:: What the task requires ::
Please copy each line of the records below that holds the word "agent".

:: The records ::
::::::
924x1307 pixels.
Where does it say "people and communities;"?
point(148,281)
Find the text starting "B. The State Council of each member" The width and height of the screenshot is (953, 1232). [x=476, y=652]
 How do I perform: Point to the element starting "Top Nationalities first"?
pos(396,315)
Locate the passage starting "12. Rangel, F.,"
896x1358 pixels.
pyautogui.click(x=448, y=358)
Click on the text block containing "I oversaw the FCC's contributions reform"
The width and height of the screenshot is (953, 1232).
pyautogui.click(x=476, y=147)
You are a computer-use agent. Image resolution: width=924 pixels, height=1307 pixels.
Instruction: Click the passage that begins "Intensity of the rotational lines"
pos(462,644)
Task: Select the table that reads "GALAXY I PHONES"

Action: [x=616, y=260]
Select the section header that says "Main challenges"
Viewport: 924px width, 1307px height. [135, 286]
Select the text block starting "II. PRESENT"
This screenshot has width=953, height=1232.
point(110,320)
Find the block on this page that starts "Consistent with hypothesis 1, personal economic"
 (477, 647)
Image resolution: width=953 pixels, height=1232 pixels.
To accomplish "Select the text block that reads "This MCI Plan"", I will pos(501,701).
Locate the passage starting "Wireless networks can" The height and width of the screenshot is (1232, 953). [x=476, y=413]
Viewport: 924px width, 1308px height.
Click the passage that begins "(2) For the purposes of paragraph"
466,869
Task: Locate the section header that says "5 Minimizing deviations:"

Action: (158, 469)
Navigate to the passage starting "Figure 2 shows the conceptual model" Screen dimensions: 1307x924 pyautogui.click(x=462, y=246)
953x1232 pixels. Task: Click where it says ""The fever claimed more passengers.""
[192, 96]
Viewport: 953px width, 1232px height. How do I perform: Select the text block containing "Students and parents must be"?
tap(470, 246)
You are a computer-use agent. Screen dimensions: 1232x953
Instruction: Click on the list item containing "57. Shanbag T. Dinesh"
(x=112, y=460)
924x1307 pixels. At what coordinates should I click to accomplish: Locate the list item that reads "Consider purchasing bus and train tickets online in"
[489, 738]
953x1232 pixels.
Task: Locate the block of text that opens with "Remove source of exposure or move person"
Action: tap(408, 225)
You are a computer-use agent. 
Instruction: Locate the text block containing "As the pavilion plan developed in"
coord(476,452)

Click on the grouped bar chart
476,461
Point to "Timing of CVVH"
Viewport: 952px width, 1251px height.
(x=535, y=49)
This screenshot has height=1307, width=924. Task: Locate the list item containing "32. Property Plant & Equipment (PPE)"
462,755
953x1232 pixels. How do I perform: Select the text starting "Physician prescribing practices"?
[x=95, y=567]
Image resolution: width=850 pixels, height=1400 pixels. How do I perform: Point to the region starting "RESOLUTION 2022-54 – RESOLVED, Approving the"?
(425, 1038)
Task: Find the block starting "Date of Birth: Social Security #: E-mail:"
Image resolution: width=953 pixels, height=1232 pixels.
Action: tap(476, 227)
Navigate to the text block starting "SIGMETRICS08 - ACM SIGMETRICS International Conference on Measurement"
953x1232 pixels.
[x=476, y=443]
::::::
:: Answer box ::
You are a computer-use agent. Image resolution: width=924 pixels, height=1307 pixels.
You are a computer-use agent. Screen dimensions: 1232x953
You are a computer-use agent. 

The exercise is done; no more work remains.